• DIRECTIONS:
Among the entries that follow, find the lines holding "frac" and say how many there are, with no other words.

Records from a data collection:

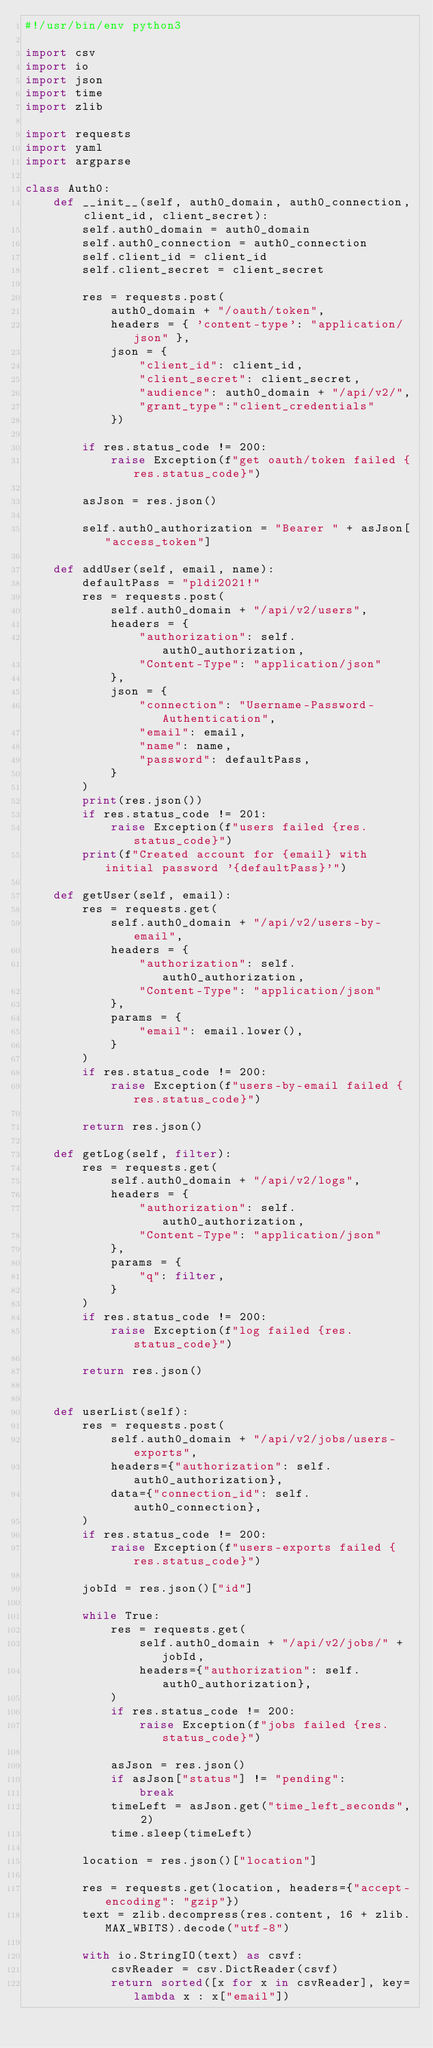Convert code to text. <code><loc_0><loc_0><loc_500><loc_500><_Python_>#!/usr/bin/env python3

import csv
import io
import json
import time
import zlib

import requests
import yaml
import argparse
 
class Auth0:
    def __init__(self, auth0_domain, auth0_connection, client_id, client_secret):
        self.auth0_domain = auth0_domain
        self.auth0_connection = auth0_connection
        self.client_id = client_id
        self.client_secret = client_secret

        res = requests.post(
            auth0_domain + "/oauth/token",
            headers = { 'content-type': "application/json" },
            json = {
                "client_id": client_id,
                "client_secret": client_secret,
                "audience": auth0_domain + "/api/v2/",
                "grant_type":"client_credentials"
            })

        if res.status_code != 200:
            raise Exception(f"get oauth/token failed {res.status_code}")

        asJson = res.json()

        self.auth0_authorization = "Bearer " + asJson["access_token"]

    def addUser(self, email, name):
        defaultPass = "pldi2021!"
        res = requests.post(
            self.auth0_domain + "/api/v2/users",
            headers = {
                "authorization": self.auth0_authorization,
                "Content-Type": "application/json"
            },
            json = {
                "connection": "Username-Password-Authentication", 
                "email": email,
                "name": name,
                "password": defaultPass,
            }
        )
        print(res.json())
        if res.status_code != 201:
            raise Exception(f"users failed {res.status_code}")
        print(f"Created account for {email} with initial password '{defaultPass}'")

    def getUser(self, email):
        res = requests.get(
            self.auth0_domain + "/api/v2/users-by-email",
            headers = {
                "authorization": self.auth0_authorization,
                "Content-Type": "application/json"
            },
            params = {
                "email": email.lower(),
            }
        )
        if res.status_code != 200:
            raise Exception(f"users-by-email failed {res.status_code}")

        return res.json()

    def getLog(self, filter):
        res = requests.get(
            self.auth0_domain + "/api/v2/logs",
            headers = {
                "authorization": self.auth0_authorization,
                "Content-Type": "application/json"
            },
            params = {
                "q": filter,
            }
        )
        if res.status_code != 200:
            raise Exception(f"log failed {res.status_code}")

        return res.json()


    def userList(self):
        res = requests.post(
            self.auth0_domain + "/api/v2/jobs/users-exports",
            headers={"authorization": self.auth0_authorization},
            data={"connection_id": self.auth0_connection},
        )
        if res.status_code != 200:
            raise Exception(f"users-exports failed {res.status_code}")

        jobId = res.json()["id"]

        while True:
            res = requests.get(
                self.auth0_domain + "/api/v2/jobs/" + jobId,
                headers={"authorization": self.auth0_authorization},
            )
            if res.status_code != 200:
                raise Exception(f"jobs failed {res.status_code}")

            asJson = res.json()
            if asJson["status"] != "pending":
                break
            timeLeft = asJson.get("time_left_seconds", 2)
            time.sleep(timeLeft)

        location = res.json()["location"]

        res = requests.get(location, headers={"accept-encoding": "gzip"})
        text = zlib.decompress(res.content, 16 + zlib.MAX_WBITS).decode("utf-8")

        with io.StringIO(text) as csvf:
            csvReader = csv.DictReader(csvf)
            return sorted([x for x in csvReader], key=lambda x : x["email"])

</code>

...

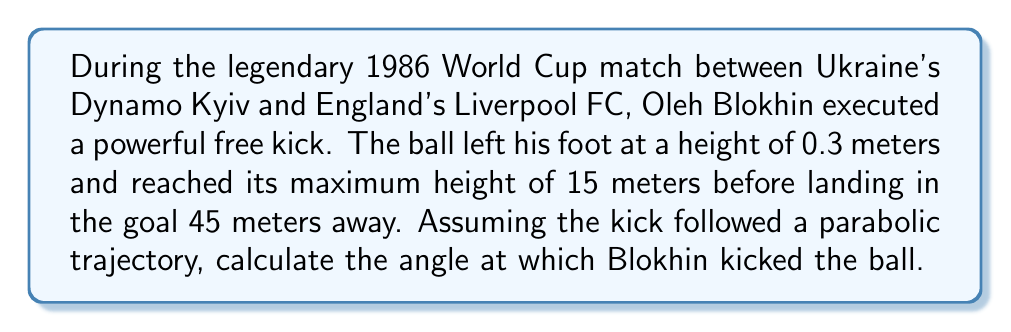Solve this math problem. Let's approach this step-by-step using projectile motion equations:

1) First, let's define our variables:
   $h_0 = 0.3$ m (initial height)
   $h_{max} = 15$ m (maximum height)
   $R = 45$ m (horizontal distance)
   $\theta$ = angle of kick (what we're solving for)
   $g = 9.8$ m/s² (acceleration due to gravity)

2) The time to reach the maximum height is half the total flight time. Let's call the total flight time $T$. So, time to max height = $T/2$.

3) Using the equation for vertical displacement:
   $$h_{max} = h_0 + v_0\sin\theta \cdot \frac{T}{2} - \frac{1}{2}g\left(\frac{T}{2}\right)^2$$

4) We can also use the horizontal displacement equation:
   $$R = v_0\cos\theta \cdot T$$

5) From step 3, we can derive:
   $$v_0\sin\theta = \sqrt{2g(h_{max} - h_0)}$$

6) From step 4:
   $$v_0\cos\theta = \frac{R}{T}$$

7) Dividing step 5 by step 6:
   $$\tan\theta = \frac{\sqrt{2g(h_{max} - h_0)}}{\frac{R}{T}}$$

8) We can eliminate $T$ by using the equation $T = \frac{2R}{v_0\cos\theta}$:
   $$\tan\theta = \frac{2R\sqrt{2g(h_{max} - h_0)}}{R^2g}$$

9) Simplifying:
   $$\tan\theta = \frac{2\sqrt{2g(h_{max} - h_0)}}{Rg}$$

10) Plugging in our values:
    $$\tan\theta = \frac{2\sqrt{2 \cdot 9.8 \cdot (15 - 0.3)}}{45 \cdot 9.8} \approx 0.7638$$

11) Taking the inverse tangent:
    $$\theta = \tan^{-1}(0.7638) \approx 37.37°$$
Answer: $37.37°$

• PROBLEM SOLUTION:
7